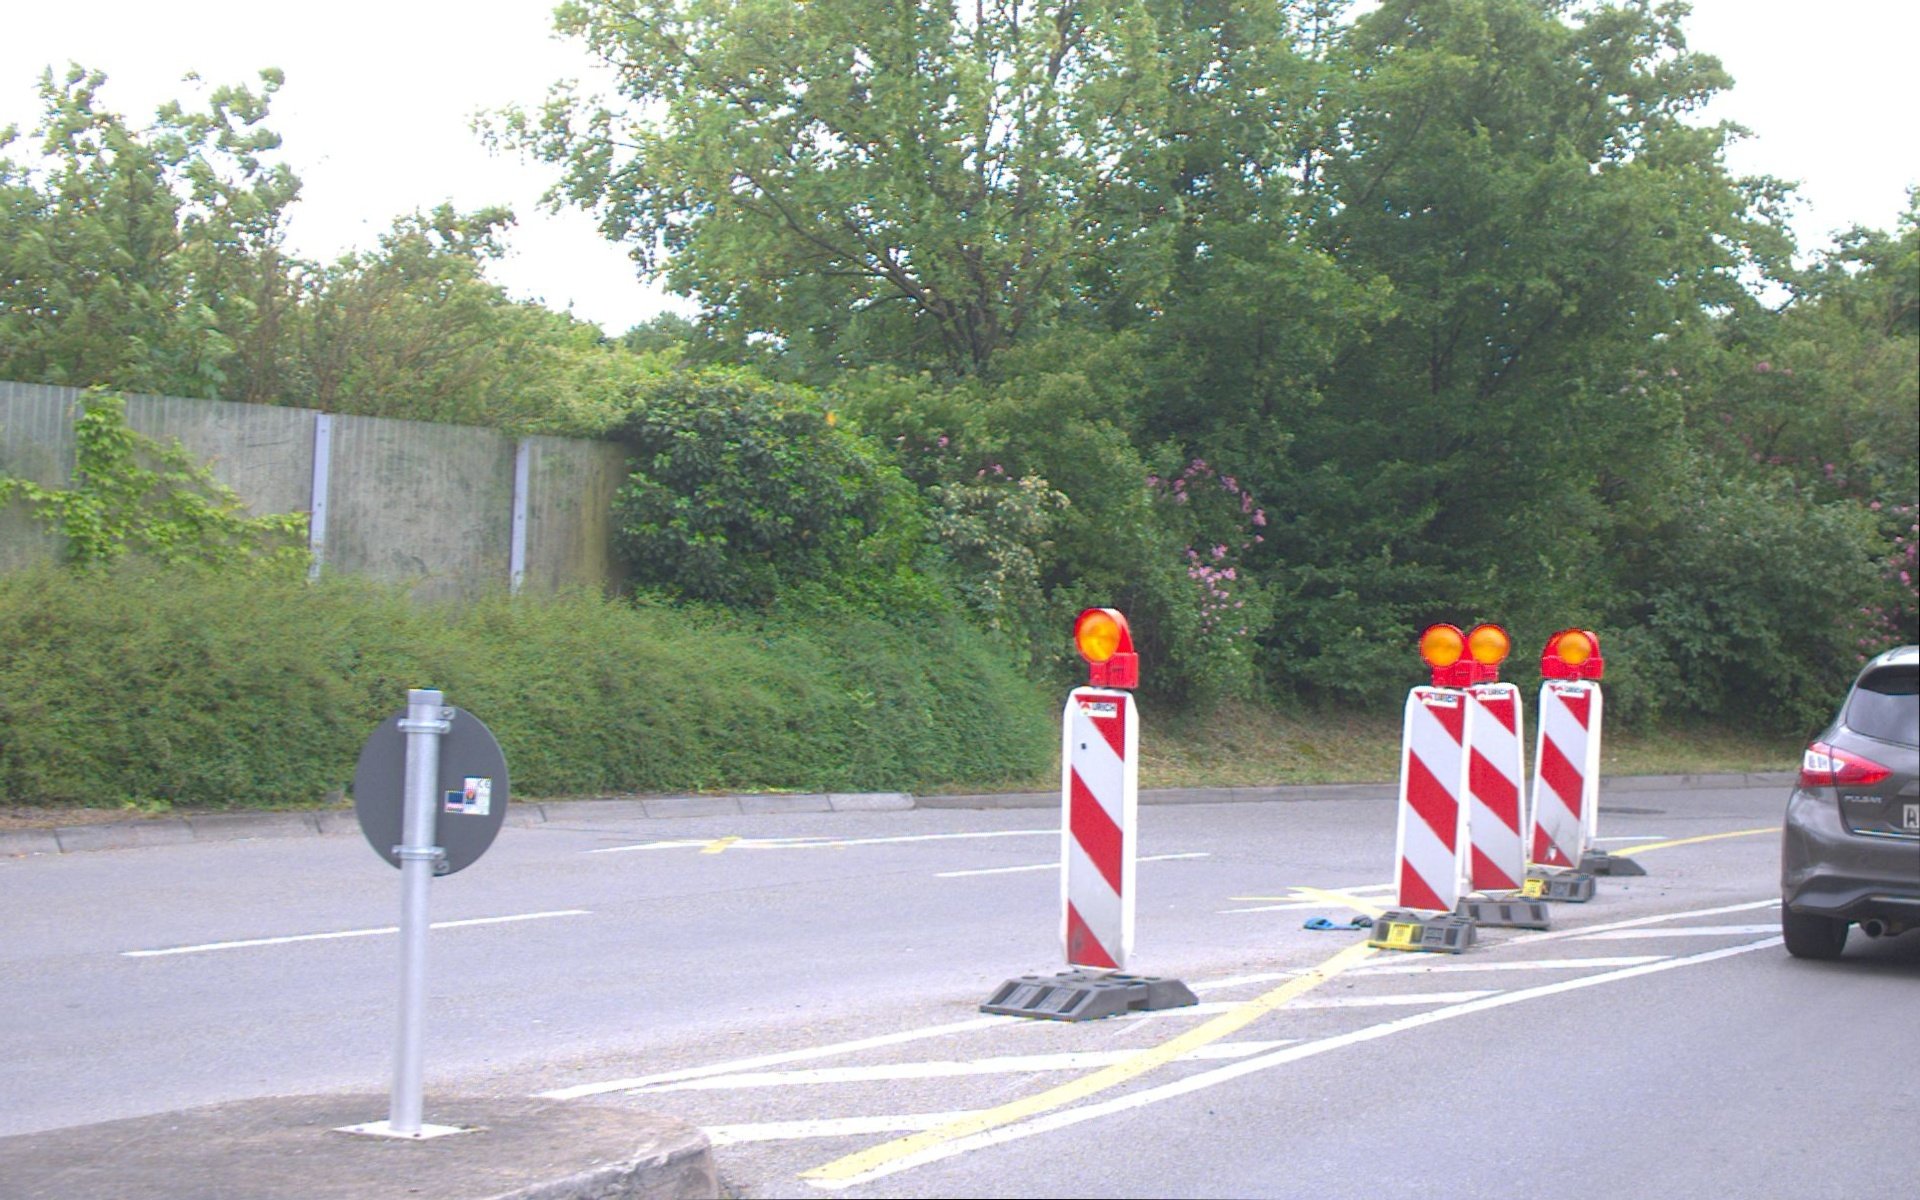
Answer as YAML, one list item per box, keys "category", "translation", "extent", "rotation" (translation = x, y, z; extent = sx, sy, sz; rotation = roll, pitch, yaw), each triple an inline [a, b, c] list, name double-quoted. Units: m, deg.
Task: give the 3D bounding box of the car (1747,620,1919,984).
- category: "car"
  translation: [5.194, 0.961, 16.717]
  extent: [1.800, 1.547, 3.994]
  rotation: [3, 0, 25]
==
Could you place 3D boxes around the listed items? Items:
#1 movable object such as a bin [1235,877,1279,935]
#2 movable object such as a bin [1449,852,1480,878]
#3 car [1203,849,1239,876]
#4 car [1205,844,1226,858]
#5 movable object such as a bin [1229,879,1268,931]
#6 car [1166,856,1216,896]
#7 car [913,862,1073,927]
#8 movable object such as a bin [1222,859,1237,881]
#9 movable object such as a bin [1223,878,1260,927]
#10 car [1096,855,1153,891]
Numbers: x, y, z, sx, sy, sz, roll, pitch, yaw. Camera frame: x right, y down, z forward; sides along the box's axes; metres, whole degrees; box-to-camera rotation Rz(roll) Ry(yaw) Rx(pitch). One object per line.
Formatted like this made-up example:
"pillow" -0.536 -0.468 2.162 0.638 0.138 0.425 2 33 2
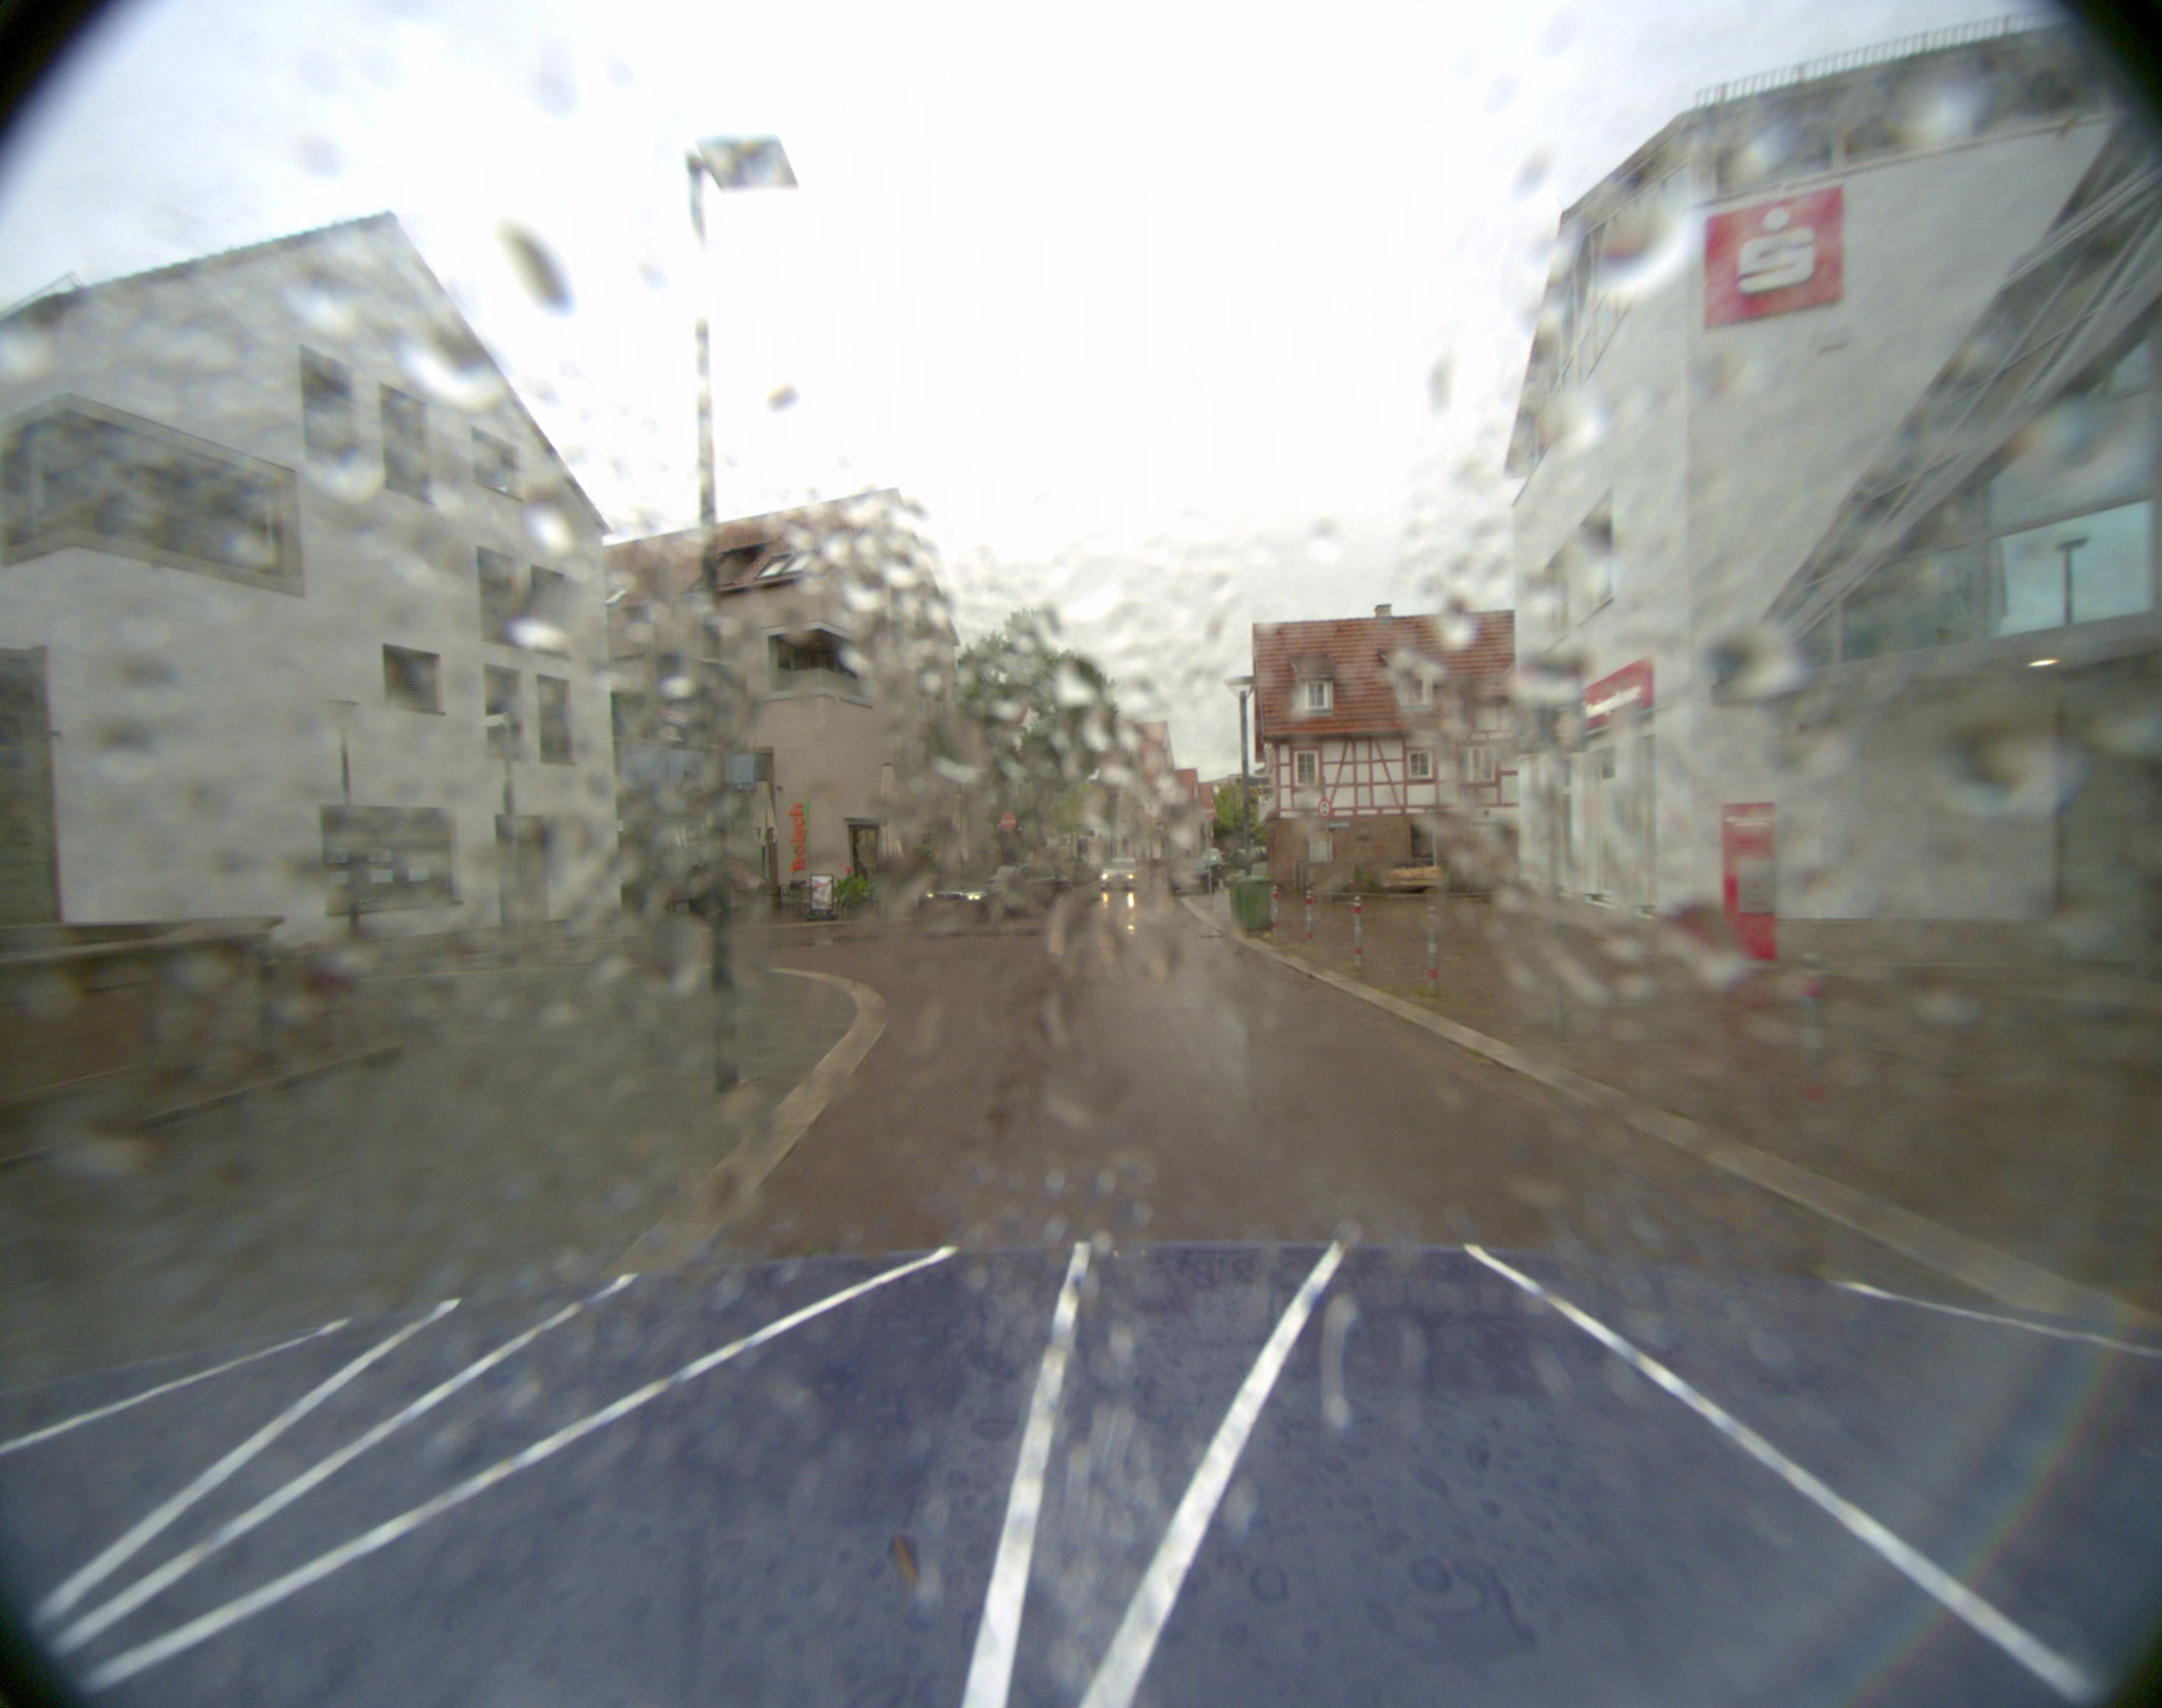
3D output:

» **ACTIVITY**
Using the data above, print exactly the lines from the line that contains "#3 car [1203,849,1239,876]" through the line that contains "#10 car [1096,855,1153,891]", with both included.

» **EXERCISE RESULT**
#3 car [1203,849,1239,876]
#4 car [1205,844,1226,858]
#5 movable object such as a bin [1229,879,1268,931]
#6 car [1166,856,1216,896]
#7 car [913,862,1073,927]
#8 movable object such as a bin [1222,859,1237,881]
#9 movable object such as a bin [1223,878,1260,927]
#10 car [1096,855,1153,891]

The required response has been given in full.